Task requirements ▸ What is the number of lines in the entries that contain the word "agent"? Reply with that number only.

Exercise data ▸

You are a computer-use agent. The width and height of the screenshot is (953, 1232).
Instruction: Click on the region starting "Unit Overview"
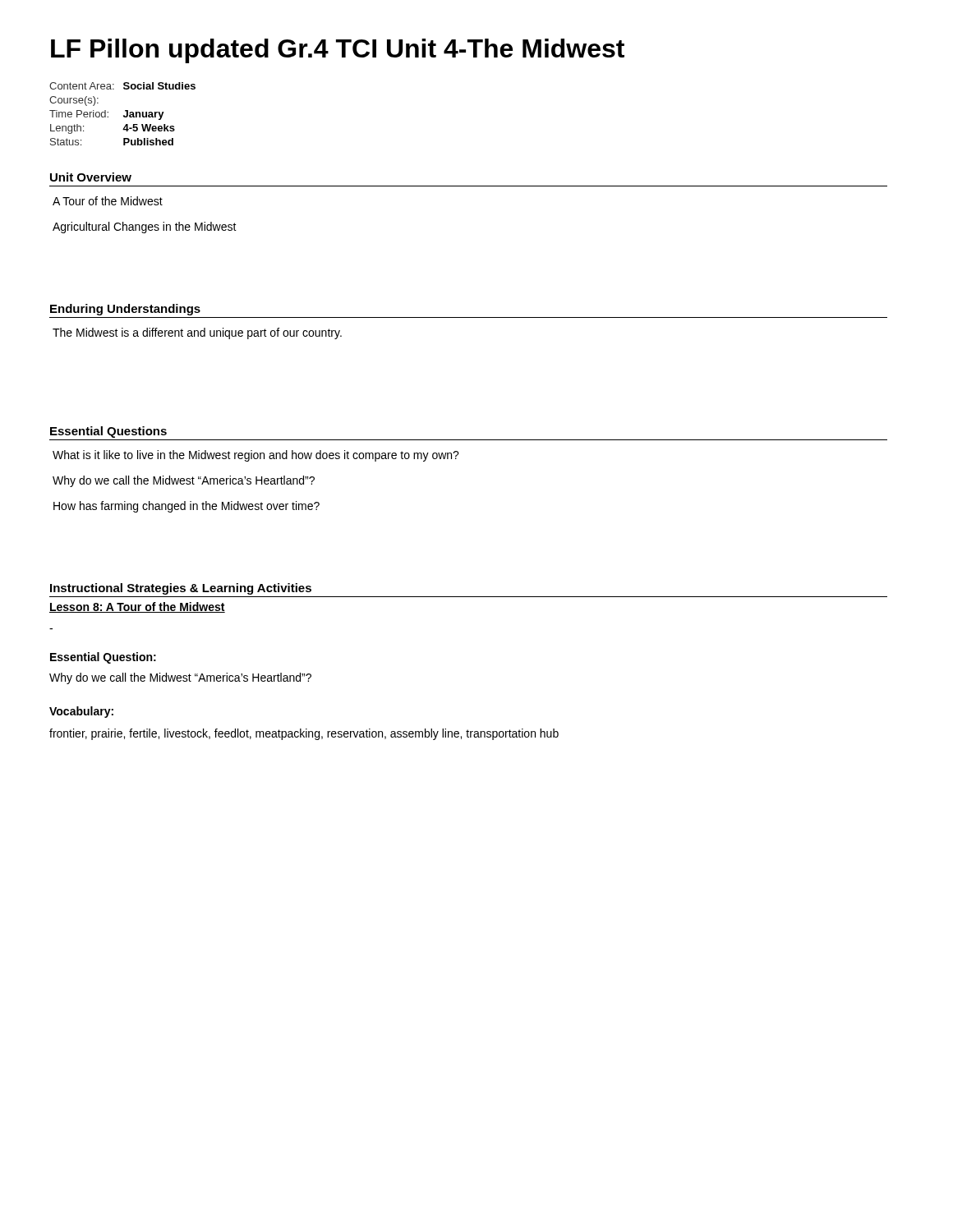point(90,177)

...

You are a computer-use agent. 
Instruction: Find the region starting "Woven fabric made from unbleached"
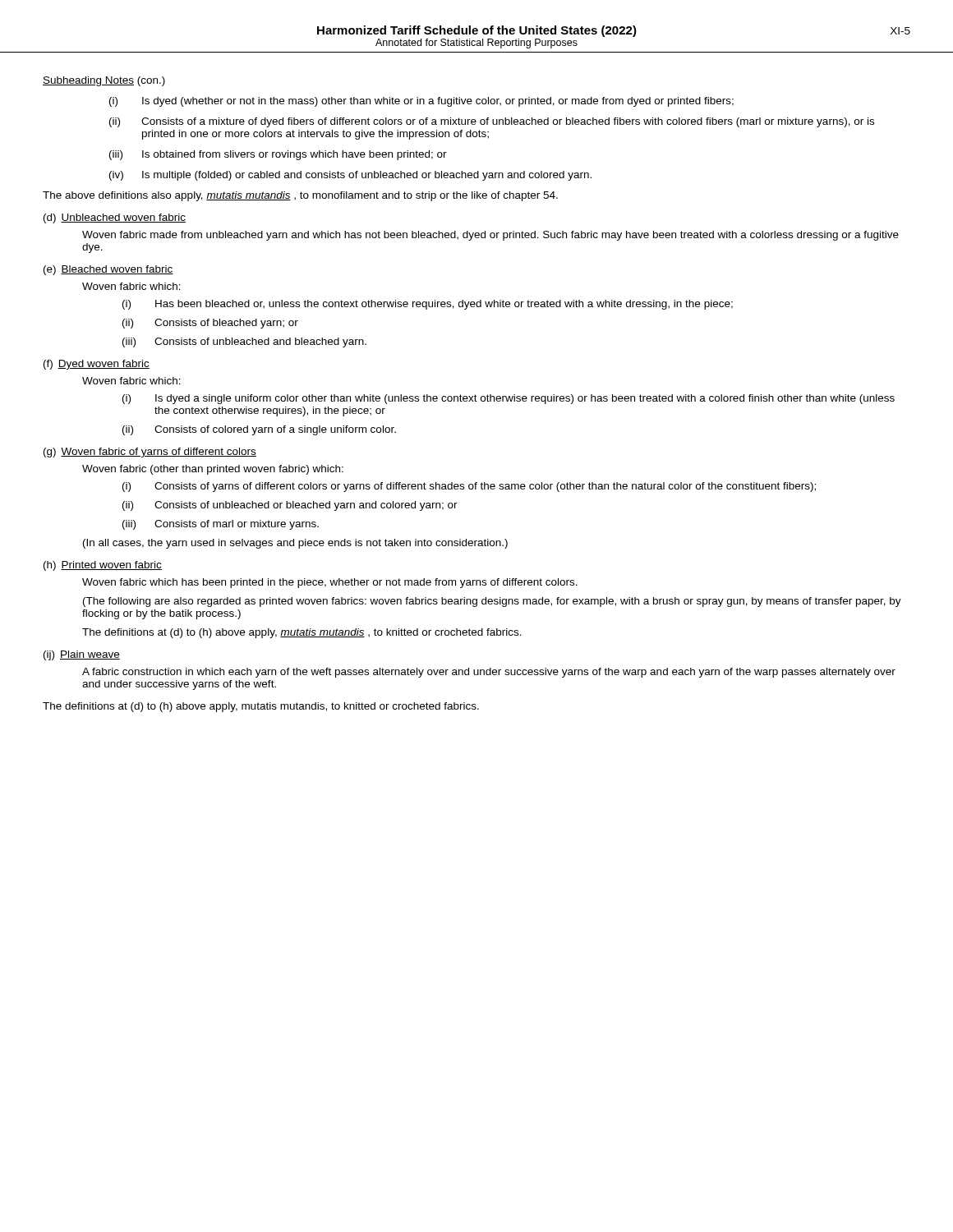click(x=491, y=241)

---

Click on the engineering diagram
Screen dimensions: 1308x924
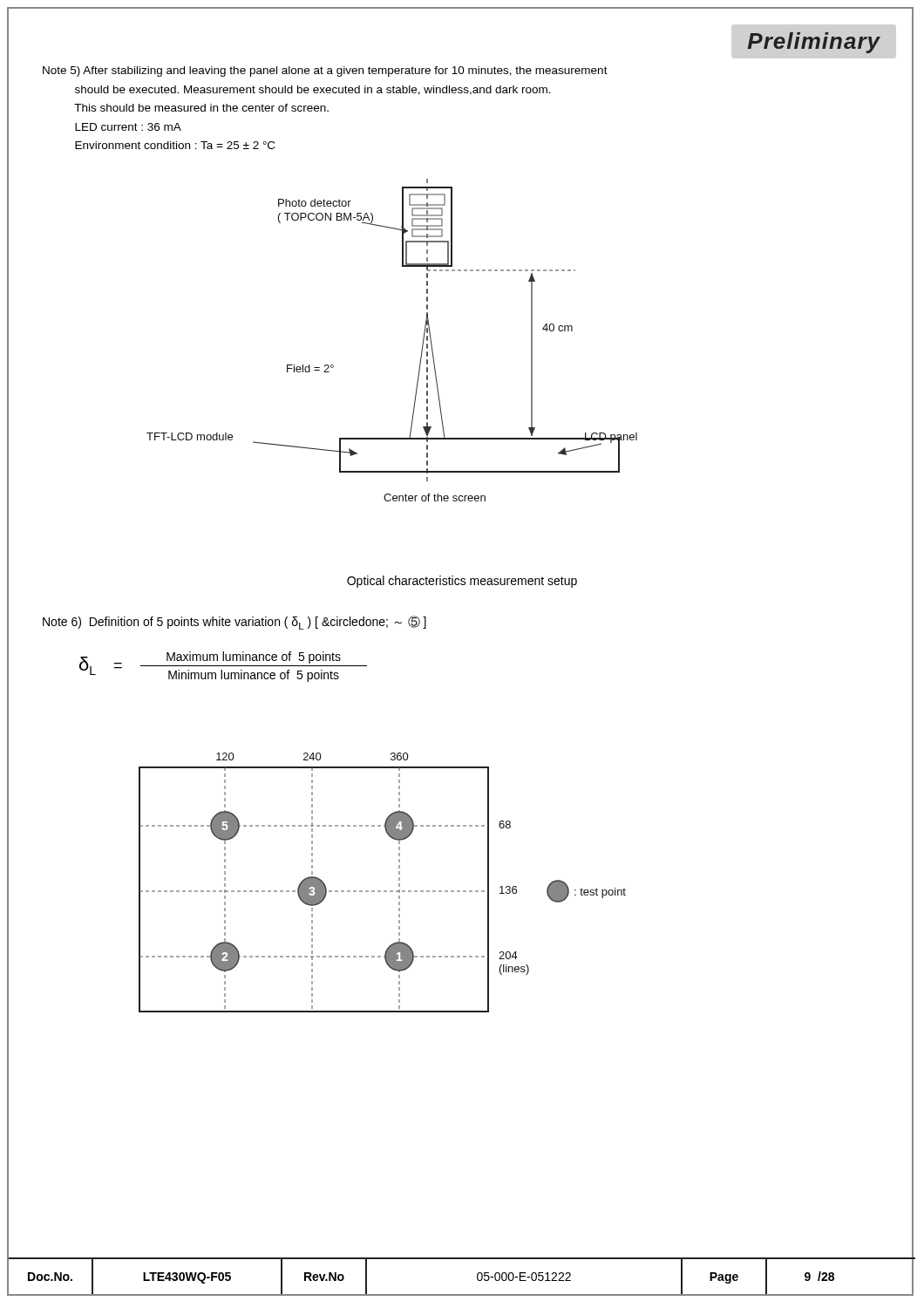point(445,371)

Response box ▸ 2